Personal information
- Full name: Nigel John Bartle Illingworth
- Born: 23 November 1960 (age 65) Chesterfield, Derbyshire, England
- Batting: Right-handed
- Bowling: Right-arm medium

Domestic team information
- 1987–1993: Lincolnshire
- 1981–1983: Nottinghamshire

Career statistics
| Competition | First-class | List A |
| Matches | 15 | 21 |
| Runs scored | 207 | 17 |
| Batting average | 13.80 | 5.66 |
| 100s/50s | –/– | –/– |
| Top score | 49 | 8* |
| Balls bowled | 1,249 | 941 |
| Wickets | 16 | 23 |
| Bowling average | 43.37 | 34.65 |
| 5 wickets in innings | 1 | – |
| 10 wickets in match | – | – |
| Best bowling | 5/89 | 4/15 |
| Catches/stumpings | 8/– | 3/– |
- Source: Cricinfo, 13 November 2011

= Nigel Illingworth =

English cricketer

Nigel John Bartle Illingworth (born 23 November 1960) is a former English cricketer. Illingworth was a right-handed batsman who bowled right-arm medium pace. He was born at Chesterfield, Derbyshire.

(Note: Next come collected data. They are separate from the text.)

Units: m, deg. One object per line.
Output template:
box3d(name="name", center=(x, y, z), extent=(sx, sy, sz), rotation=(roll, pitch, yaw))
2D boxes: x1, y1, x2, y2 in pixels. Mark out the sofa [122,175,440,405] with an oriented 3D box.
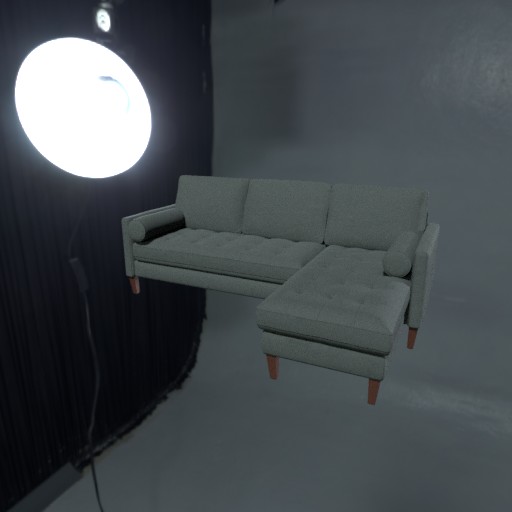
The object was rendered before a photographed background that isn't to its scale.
box3d(name="sofa", center=(0.000, 0.000, 2.975), extent=(2.178, 0.876, 1.506), rotation=(8, 19, 24))
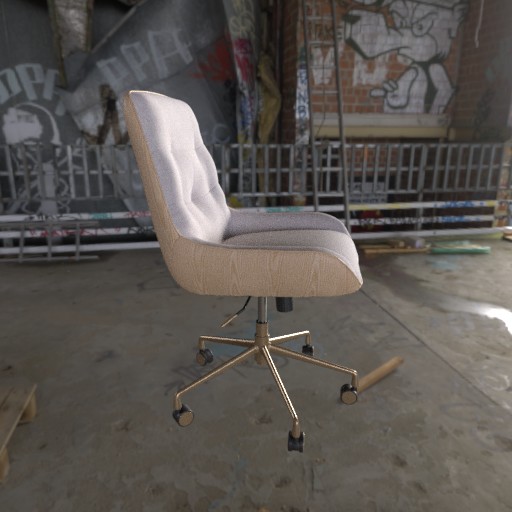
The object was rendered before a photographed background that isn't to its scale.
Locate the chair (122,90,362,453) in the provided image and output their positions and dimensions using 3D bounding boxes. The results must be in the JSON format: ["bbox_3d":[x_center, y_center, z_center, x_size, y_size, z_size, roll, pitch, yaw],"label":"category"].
[{"bbox_3d":[0.000,0.000,1.359,0.668,0.952,0.564,3,16,9],"label":"chair"}]
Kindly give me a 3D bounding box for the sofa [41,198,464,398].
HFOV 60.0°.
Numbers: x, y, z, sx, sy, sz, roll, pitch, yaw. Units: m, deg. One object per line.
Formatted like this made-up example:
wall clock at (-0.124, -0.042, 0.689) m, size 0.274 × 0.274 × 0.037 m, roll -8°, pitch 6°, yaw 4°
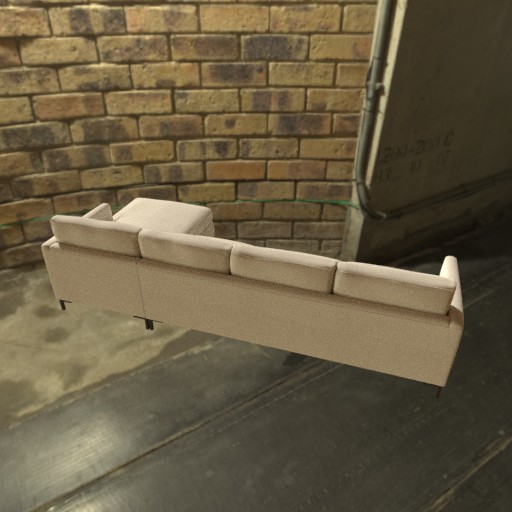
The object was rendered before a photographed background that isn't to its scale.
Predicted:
sofa at (0.000, 0.000, 2.909) m, size 2.445 × 0.677 × 1.126 m, roll 10°, pitch 33°, yaw 16°
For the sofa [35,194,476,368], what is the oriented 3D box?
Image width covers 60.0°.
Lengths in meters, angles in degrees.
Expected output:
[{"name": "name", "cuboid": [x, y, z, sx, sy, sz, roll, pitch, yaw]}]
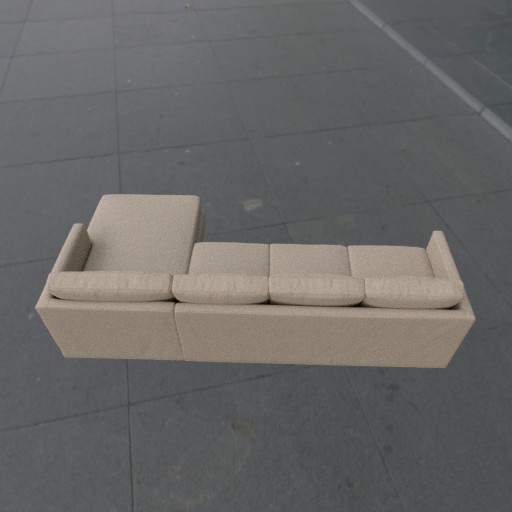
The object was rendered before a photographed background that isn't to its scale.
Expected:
[{"name": "sofa", "cuboid": [0.000, 0.000, 3.898, 3.177, 0.867, 1.622, 1, 47, 1]}]
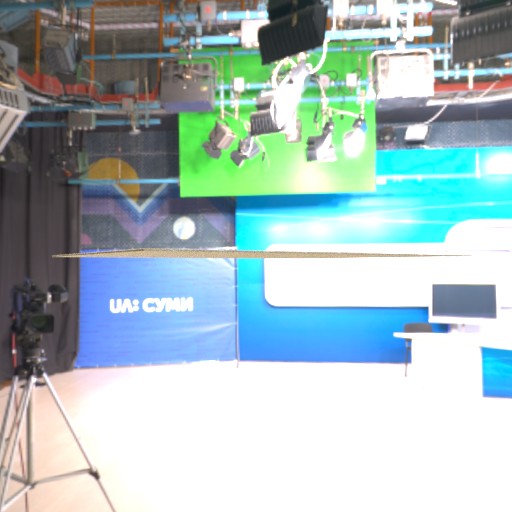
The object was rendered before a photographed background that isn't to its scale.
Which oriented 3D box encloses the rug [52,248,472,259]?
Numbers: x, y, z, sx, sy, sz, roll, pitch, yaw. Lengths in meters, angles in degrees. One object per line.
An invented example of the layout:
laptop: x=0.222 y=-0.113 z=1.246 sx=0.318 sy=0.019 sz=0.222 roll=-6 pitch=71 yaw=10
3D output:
rug: x=0.000 y=0.000 z=3.879 sx=2.894 sy=0.013 sz=2.286 roll=1 pitch=-1 yaw=-35
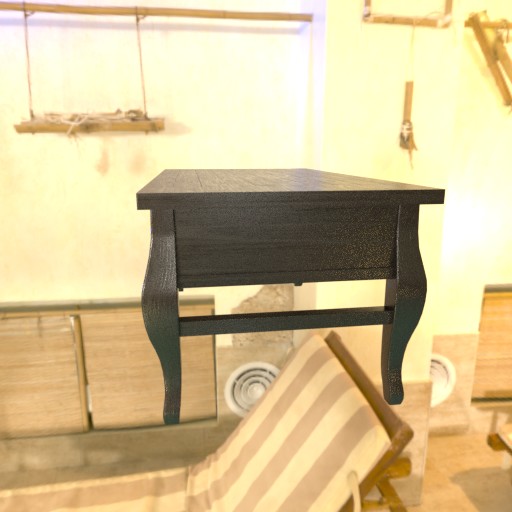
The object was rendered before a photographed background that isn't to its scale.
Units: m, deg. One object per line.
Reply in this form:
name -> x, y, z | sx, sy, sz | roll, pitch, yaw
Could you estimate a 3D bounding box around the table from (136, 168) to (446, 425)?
table -> 0.000, 0.000, 1.382 | 0.600, 0.494, 1.062 | -2, 13, -8
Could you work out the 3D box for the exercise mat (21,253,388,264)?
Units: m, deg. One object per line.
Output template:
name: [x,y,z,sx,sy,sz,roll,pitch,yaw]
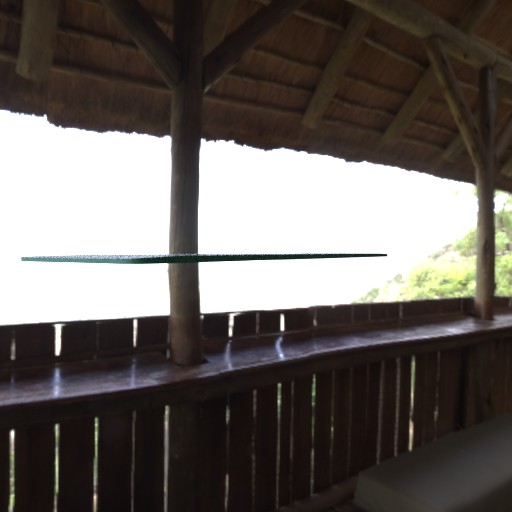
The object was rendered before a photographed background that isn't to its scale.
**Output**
exercise mat: [0.000,0.000,2.021,0.616,0.021,1.869,0,1,35]
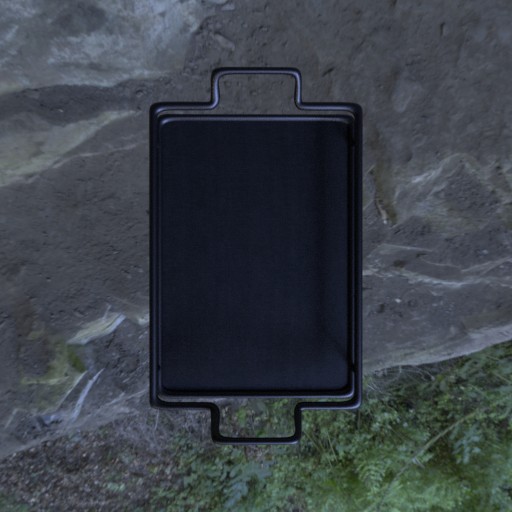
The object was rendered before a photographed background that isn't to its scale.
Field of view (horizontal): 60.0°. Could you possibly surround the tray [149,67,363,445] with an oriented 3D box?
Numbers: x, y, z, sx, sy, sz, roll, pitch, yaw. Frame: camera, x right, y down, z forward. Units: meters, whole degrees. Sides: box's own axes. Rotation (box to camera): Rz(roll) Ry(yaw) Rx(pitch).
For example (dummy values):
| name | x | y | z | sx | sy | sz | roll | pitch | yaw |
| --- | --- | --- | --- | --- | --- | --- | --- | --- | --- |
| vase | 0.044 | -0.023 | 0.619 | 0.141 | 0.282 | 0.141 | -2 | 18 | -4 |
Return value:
| name | x | y | z | sx | sy | sz | roll | pitch | yaw |
| --- | --- | --- | --- | --- | --- | --- | --- | --- | --- |
| tray | 0.000 | 0.000 | 0.625 | 0.297 | 0.101 | 0.495 | 0 | 90 | 0 |
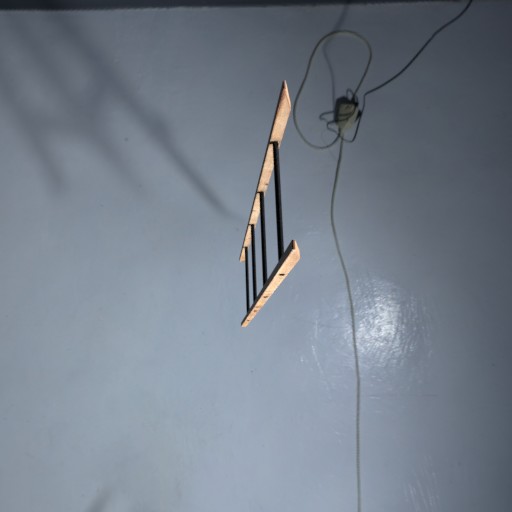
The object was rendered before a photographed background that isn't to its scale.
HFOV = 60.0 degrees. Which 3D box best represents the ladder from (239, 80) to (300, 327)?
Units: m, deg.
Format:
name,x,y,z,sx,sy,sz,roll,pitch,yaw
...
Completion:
name,x,y,z,sx,sy,sz,roll,pitch,yaw
ladder,0.000,0.000,1.923,0.200,1.805,0.442,-2,76,0
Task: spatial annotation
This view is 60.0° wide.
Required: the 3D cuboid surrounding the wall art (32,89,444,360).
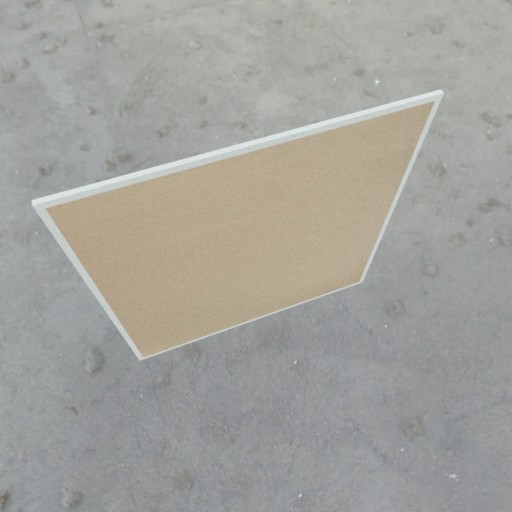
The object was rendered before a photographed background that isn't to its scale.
[{"bbox_3d":[0.000,0.000,1.168,0.809,0.809,0.012,-18,60,-11],"label":"wall art"}]
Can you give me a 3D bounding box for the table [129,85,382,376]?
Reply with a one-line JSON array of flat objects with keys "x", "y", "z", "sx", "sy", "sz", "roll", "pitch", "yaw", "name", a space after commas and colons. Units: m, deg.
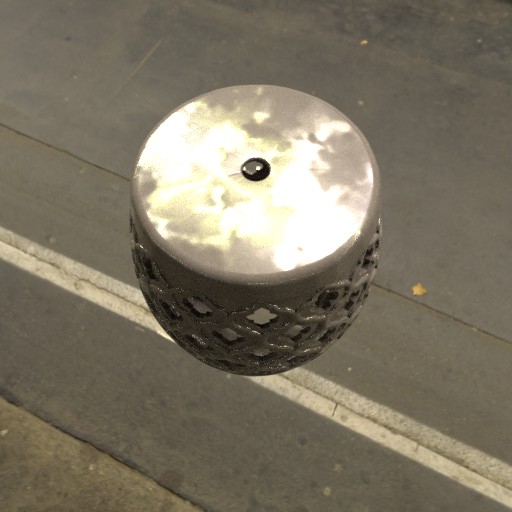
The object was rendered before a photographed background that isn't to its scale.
[{"x": 0.000, "y": 0.000, "z": 0.631, "sx": 0.325, "sy": 0.388, "sz": 0.325, "roll": 0, "pitch": 62, "yaw": 0, "name": "table"}]
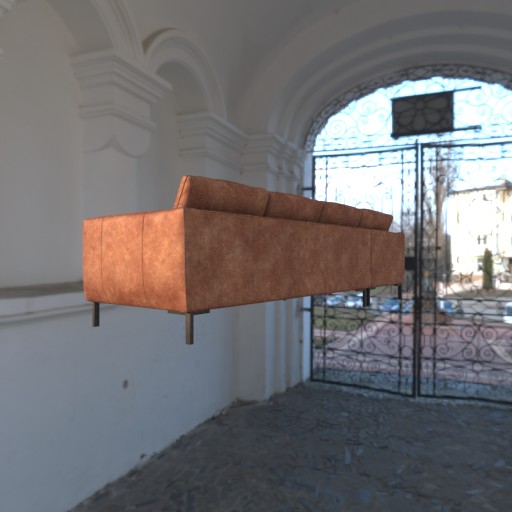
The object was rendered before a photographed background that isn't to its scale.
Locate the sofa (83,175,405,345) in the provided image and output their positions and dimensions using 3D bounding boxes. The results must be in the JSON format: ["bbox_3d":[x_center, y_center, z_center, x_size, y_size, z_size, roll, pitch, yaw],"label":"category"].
[{"bbox_3d":[0.000,0.000,3.697,1.471,0.859,2.993,0,0,38],"label":"sofa"}]
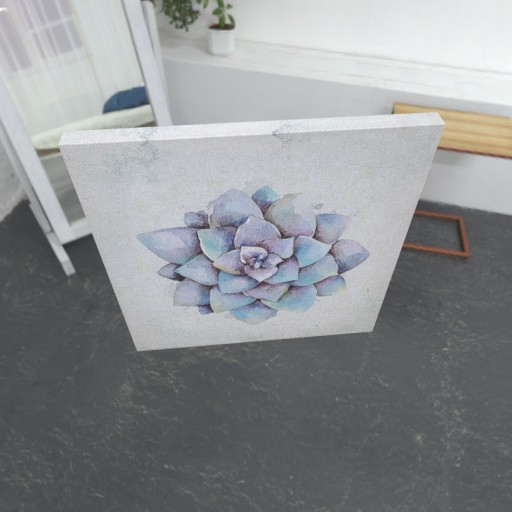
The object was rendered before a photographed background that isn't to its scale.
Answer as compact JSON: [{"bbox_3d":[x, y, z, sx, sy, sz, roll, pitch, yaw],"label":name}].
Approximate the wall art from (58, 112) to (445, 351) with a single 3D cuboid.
[{"bbox_3d":[0.000,0.000,0.935,0.612,0.612,0.040,-4,48,-4],"label":"wall art"}]
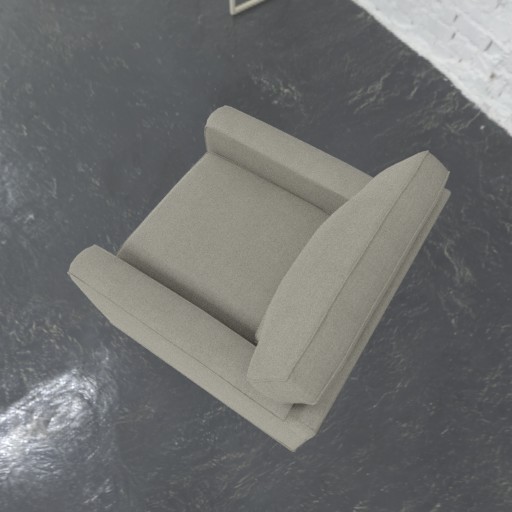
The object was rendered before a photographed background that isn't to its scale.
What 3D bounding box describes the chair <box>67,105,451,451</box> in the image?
[{"bbox_3d":[0.000,0.000,1.779,1.044,0.934,0.999,31,67,14],"label":"chair"}]
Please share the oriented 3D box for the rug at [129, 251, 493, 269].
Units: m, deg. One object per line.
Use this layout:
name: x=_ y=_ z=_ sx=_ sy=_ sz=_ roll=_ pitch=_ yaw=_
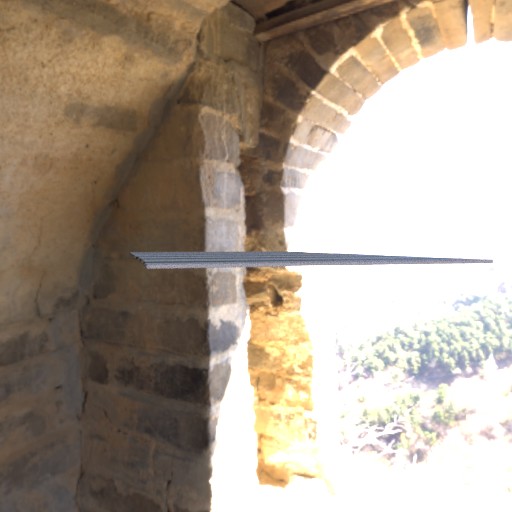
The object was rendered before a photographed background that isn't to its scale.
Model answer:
rug: x=0.000 y=0.000 z=2.273 sx=1.210 sy=0.012 sz=1.829 roll=-1 pitch=2 yaw=-17
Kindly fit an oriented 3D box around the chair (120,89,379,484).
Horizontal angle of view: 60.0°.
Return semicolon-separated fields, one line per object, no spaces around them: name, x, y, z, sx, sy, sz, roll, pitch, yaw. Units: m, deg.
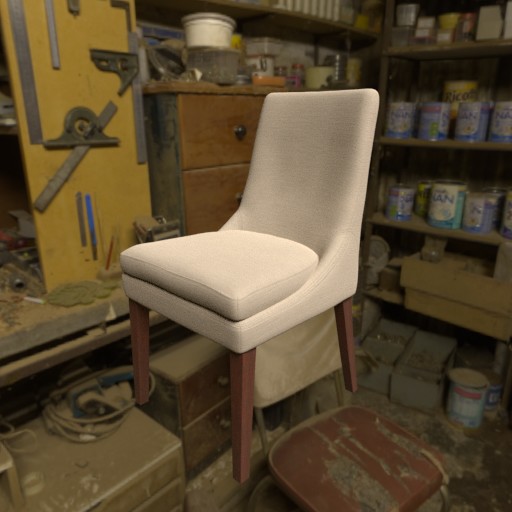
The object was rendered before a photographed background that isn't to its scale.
chair;0.000;0.000;1.320;0.515;0.940;0.638;16;24;41
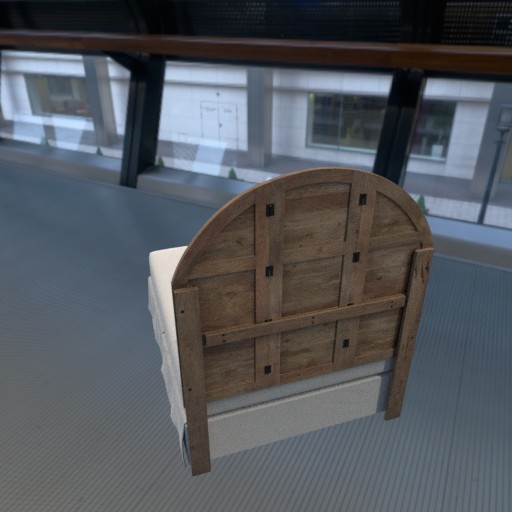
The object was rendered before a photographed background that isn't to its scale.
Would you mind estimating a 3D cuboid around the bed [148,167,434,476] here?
[{"bbox_3d":[0.000,0.000,3.590,1.713,2.002,2.112,-9,28,-16],"label":"bed"}]
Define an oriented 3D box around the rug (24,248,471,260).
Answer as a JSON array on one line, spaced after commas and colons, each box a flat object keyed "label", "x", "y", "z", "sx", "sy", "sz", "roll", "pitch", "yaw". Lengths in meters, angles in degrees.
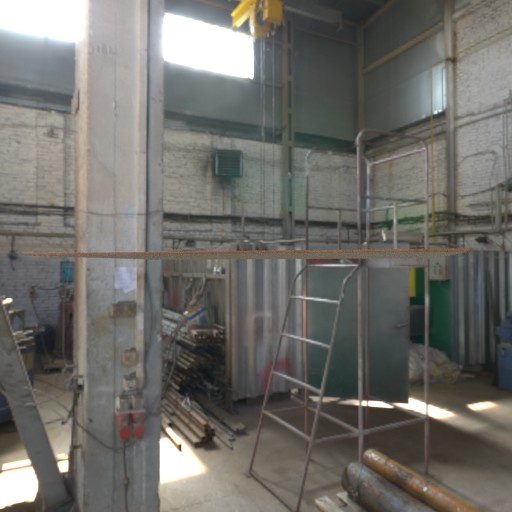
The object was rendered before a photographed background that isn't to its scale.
[{"label": "rug", "x": 0.000, "y": 0.000, "z": 3.022, "sx": 2.438, "sy": 0.014, "sz": 1.524, "roll": 0, "pitch": -2, "yaw": 17}]
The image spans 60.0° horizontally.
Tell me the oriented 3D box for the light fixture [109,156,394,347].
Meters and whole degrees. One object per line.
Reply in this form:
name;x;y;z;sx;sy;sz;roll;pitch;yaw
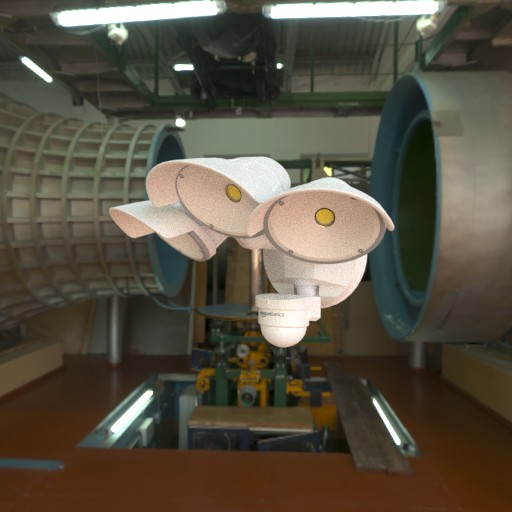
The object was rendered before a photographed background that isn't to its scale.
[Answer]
light fixture;0.000;0.000;0.529;0.369;0.237;0.278;1;1;38
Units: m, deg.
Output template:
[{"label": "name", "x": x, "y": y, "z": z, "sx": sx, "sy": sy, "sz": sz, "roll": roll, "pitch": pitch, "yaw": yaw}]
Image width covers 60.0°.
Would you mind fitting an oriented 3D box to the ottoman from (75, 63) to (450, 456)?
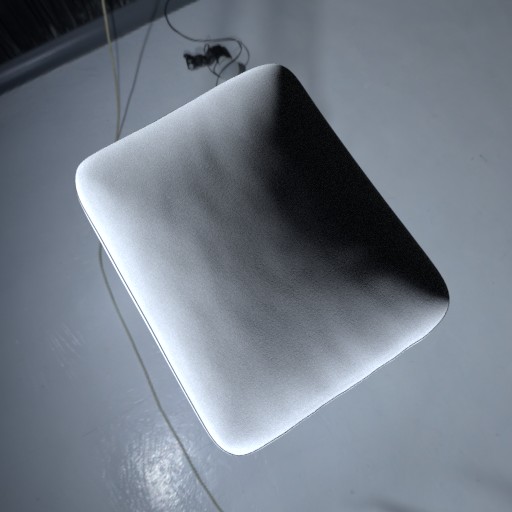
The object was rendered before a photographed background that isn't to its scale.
[{"label": "ottoman", "x": 0.000, "y": 0.000, "z": 1.135, "sx": 0.593, "sy": 0.478, "sz": 0.747, "roll": -31, "pitch": 78, "yaw": -7}]
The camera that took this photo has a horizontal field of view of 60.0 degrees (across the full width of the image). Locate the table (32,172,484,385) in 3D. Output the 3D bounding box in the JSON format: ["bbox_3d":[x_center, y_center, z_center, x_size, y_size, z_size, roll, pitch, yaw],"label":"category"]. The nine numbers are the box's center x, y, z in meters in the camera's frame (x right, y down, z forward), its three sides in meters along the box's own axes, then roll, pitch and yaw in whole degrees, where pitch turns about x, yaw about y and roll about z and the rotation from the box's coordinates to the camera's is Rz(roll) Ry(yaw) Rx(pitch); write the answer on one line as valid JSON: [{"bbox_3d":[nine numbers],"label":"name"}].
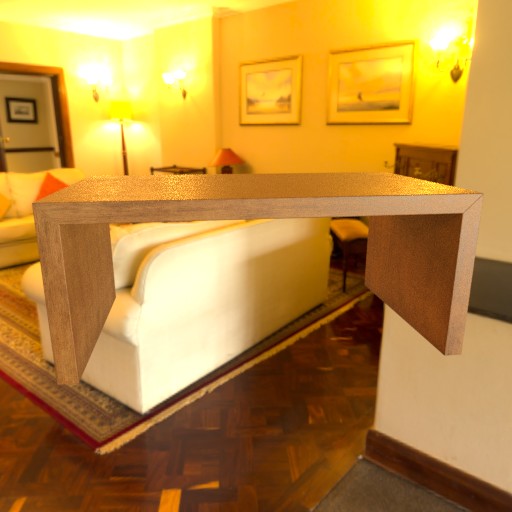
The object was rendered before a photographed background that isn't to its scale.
[{"bbox_3d":[0.000,0.000,1.286,1.000,0.419,0.549,-2,16,-8],"label":"table"}]
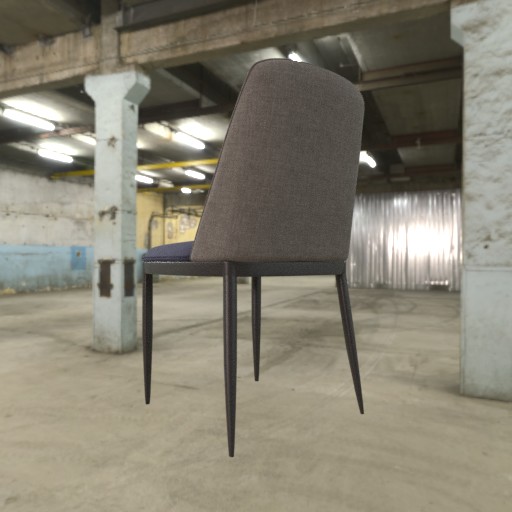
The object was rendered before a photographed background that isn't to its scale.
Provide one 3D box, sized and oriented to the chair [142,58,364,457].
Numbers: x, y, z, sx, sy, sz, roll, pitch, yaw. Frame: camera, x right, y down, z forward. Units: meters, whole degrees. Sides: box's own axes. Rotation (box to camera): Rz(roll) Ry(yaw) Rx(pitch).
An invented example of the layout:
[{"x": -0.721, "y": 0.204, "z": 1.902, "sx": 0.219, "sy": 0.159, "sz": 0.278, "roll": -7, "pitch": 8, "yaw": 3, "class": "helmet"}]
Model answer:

Illingworth made his first-class debut for Nottinghamshire against Cambridge University in 1981. He made fourteen further first-class appearances for the county, the last of which came against Surrey in the 1983 County Championship. In his fifteen first-class matches, he scored a total of 207 runs at an average of 13.80, with a high score of 49. With the ball, he took 16 wickets at a bowling average of 43.37, with best figures of 5/89, which came against Middlesex in 1982. His List A debut for the county came against Leicestershire in the 1981 John Player League. He made twenty further List A appearances, the last of which came against Sussex in the 1983 John Player Special League. In his twenty-one List A appearances, Illingworth took 23 wickets at an average of 34.65, with best figures of 4/15. He left Nottinghamshire at the end of the 1983 season.

He later joined Lincolnshire, making his debut for the county in the 1987 Minor Counties Championship against Cumberland. He played Minor counties cricket for Lincolnshire from 1987 to 1993, making fifteen Minor Counties Championship and eleven MCCA Knockout Trophy appearances.